As the day dawned on a new year in 1993 it saw the emergence of the independent nation state of Slovakia. There had been no referendum and no bloodbath of a revolution. Slovakia today is successful: a country of 5.3 million people, a member of the U.N. and since 2004, of the E.U. Politicians in Scotland have drawn comparisons between Slovakia and the current debate for Scottish independence but is this a useful comparison?

Slovakia has only had very brief periods, and all within the 20th Century, when it could be regarded as at least notionally independent. Thrust together with the Czech lands in 1918 Slovakia enjoyed a spell of educational and cultural growth. This, however, was a conjoining of two lands who had developed historically along different paths (Czech /Bohemia and Slovakia/ Hungary) and they did not always sit easily together.

Slovakia has had to contend with centuries of being ruled by other states . The post 1945 communist Czechoslovakia saw the forced migration of ethnic groupings to and from Slovakia. The elimination of troublesome ‘leaders’ and the silencing of people who spoke out, was a feature of state control. The collapse of the Communist Regime in Czechoslovakia began in November 1989. One of the leading Slovak dissidents , Milan Simecka stated that the ‘Fall of Communism was a revolution for freedom, human rights and dignity’.

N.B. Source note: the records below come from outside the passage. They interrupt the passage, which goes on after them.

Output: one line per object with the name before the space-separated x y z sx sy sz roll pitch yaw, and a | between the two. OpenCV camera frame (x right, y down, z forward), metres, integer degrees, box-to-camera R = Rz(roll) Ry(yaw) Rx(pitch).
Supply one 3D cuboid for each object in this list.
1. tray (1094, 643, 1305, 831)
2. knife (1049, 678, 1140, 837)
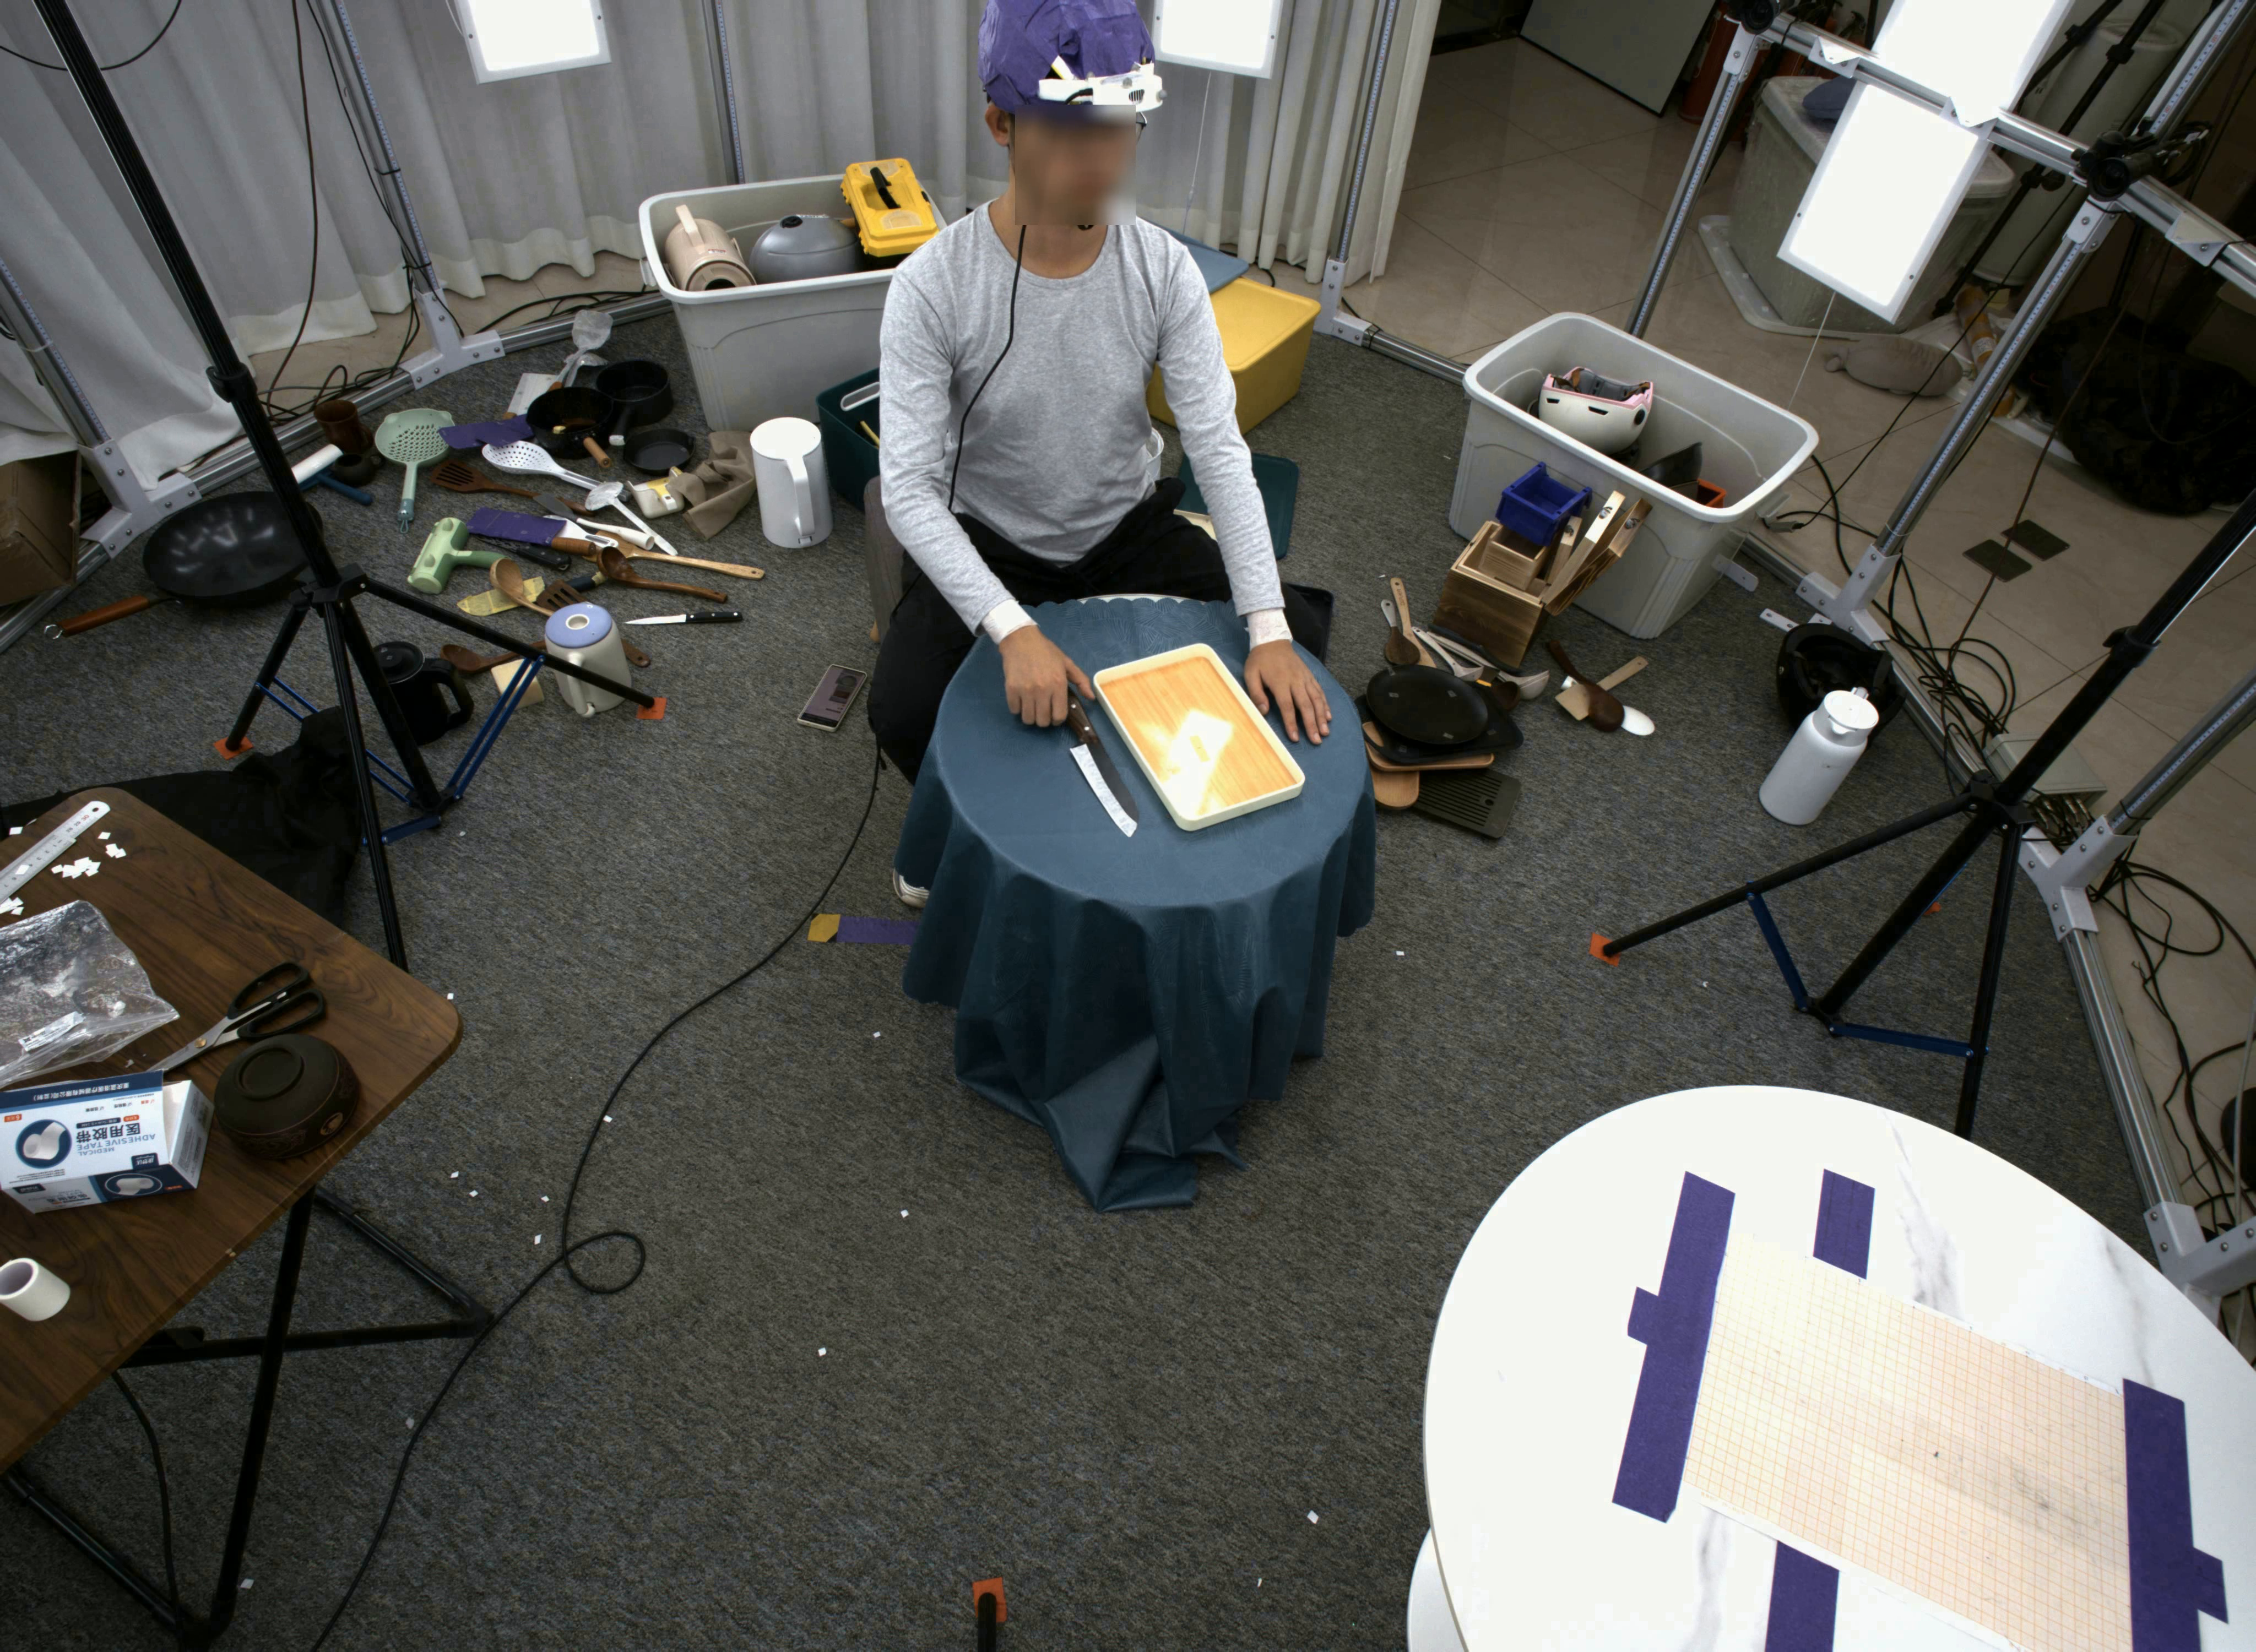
tray | 0.093 -0.129 1.769 0.192 0.027 0.307 -17 52 -18
knife | -0.048 -0.095 1.737 0.050 0.019 0.296 -18 55 -12

A parliamentary election in 1992 saw the Slovak National Party gain only 8% of the votes and yet by the New Year of 1993 Slovakia was independent. The winners of the 1992 election the CDP (Czech) and the MDS (Slovakia) led by Vaclav Klaus and Vladimir Meciar respectively, agreed on the division of the two states of Czechoslovakia. Research done at the time, however, suggested that 48% of Slovaks and 44% of Czechs were opposed to this. Western states, particularly Britain, Germany and the US were initially opposed to the division of Czechoslovakia, seeing it as destabilising Europe. Undeterred the leaders of the Czech Republic and Slovakia continued with their discussions and diplomacy and today both are successful nation states.

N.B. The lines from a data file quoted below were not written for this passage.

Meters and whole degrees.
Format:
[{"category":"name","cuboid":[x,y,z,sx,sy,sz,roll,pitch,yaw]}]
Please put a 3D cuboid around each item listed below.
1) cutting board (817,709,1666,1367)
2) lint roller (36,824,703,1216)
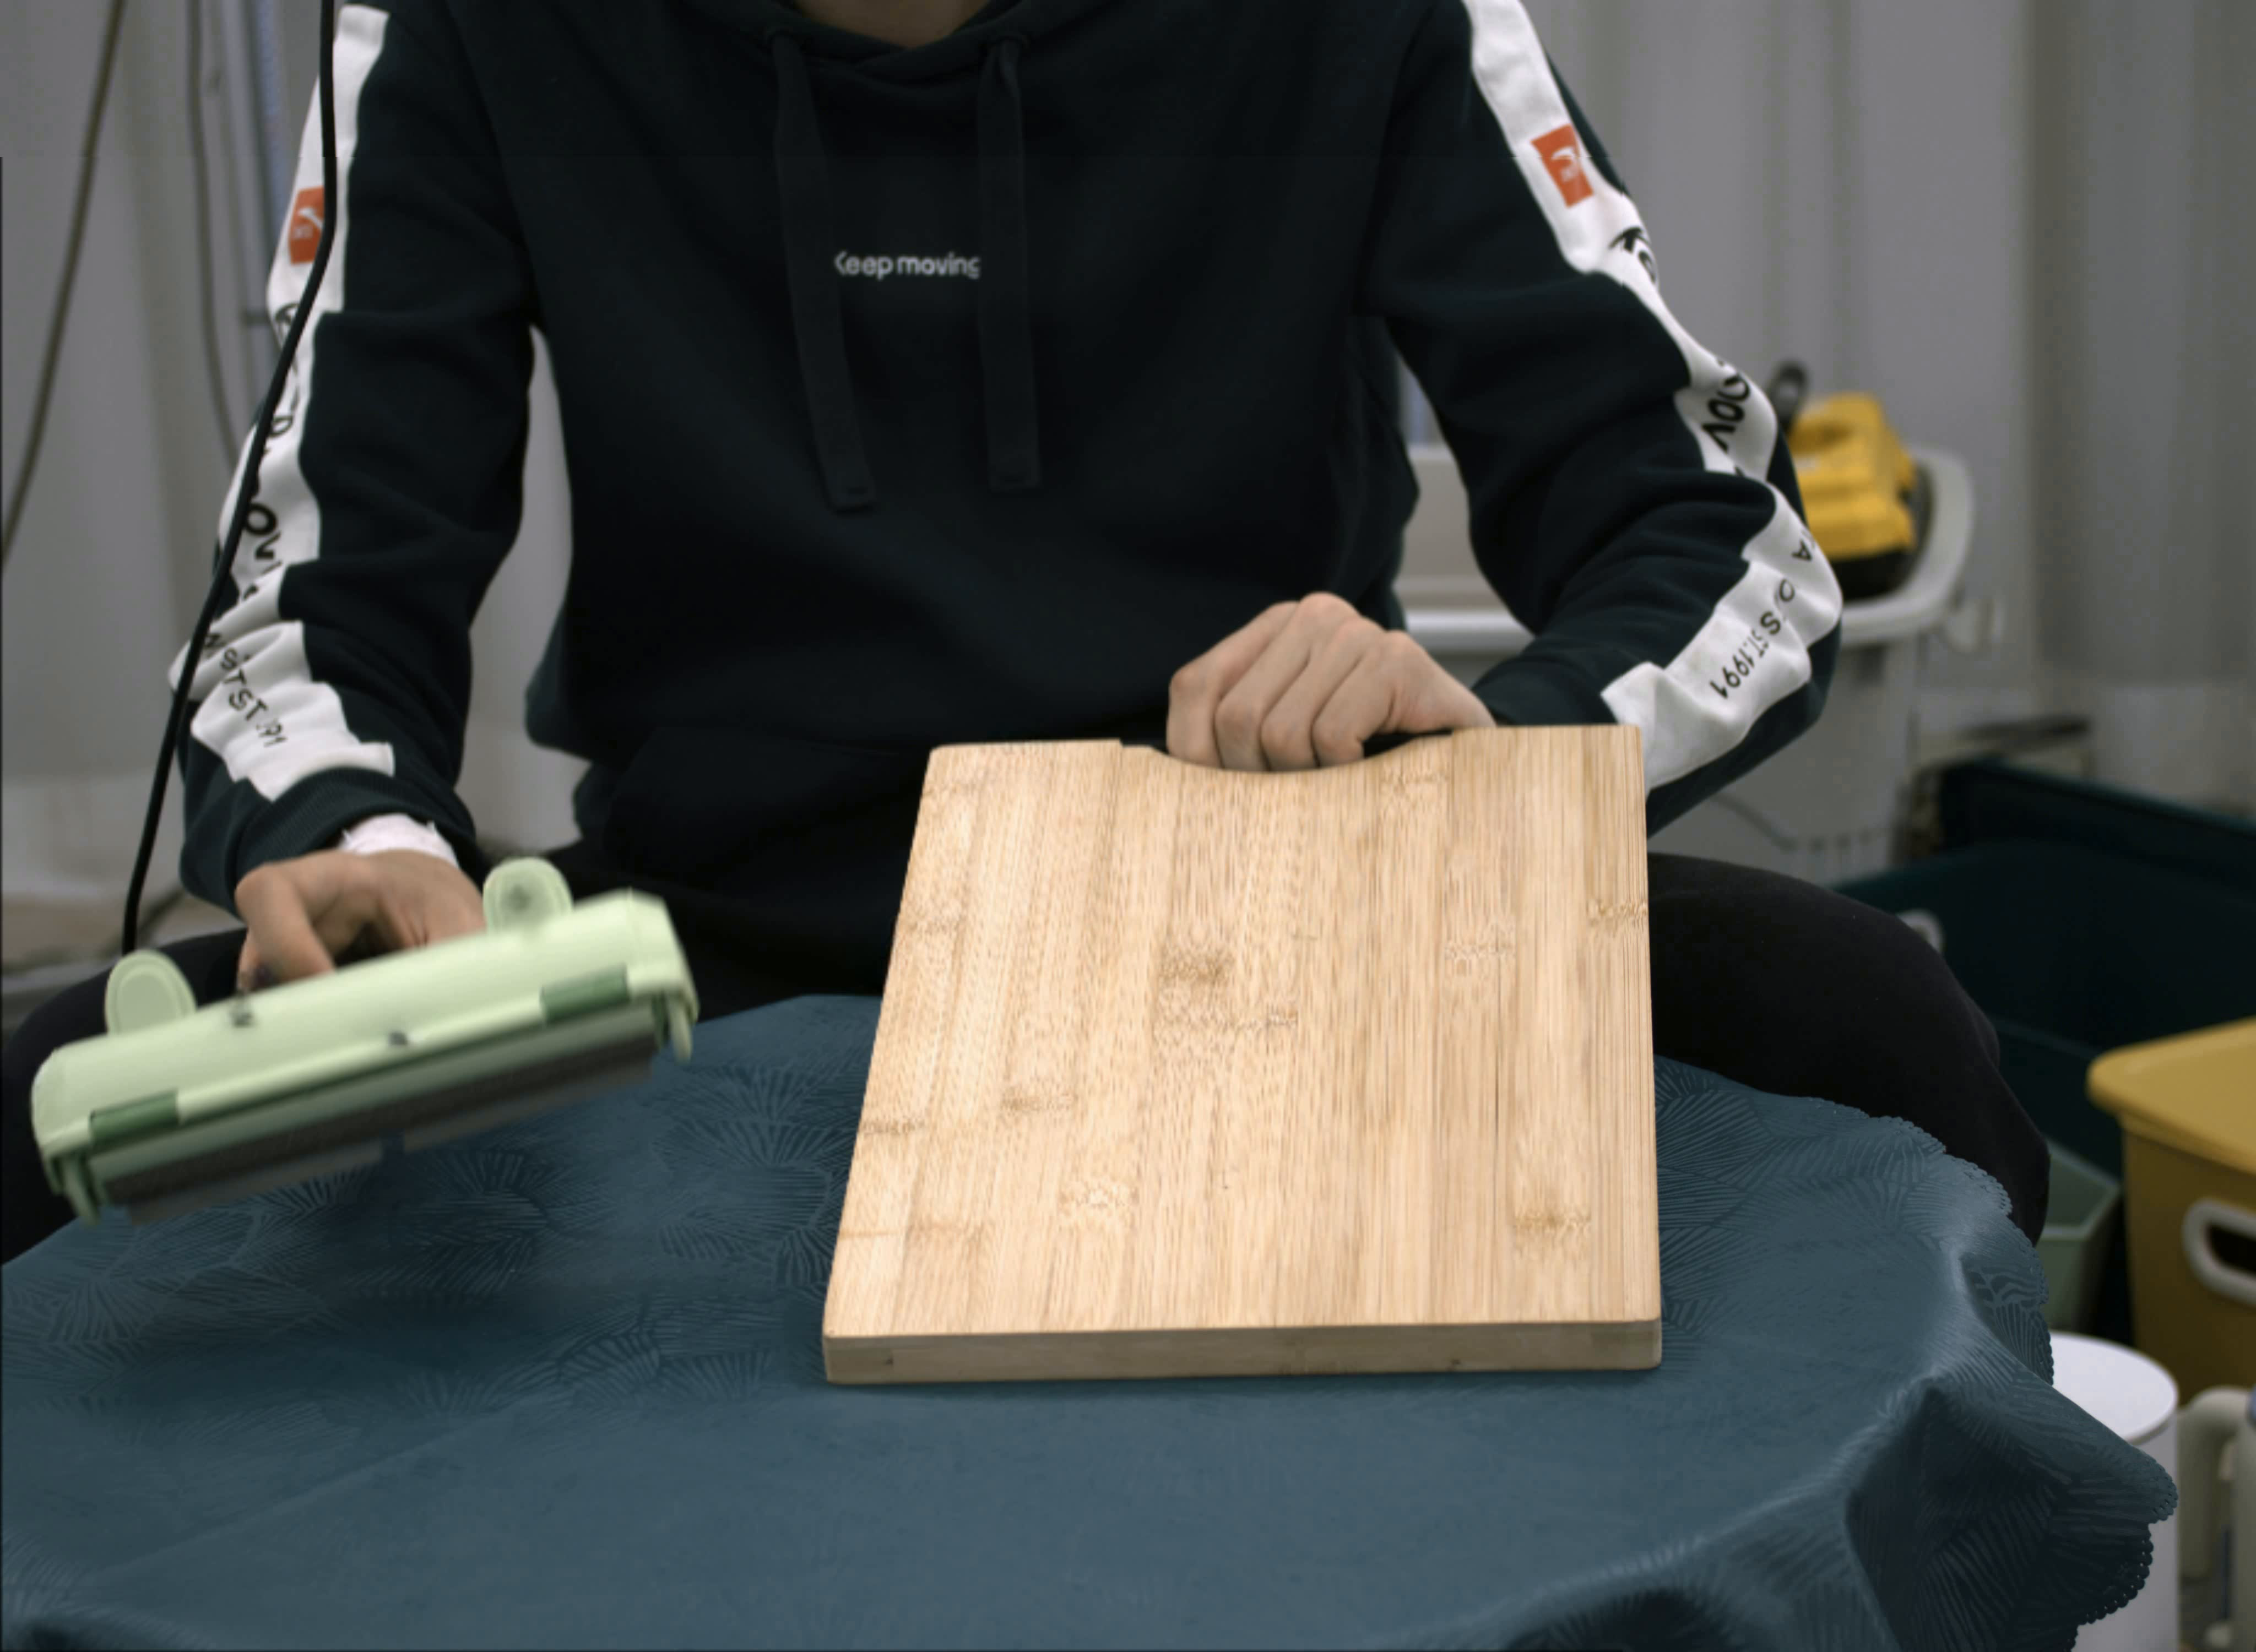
[{"category":"cutting board","cuboid":[0.044,0.061,1.699,0.250,0.023,0.353,-2,31,5]},{"category":"lint roller","cuboid":[-0.236,0.044,1.682,0.198,0.082,0.185,-17,16,-6]}]

Historically there are too many differences for valid comparisons to be made between the nations of Slovakia and Scotland. Scotland today has many of the structures to be found in independent nations. Devolution is control retained within the United Kingdom. Power can be handed down but it can also be removed. The 2014 referendum was one more stage in the dying throes of a British Empire. Scotland is on the brink of political change. If we can take anything from the Slovakian experience it is that change can occur very rapidly and from the least expected quarters.

Fiona Grahame

Comment from David Gordon at 23:15 on 22 October 2016.
What I find interesting is that both the
Czech Republic and Slovakia were able to set up state banks and all the necessary government departments in less than six months. It was probably even quicker in the Baltic Republics. Despite what the main stream media would have us believe it can be done, all it takes is the political will to do it and some goodwill, although that'll be harder to find here.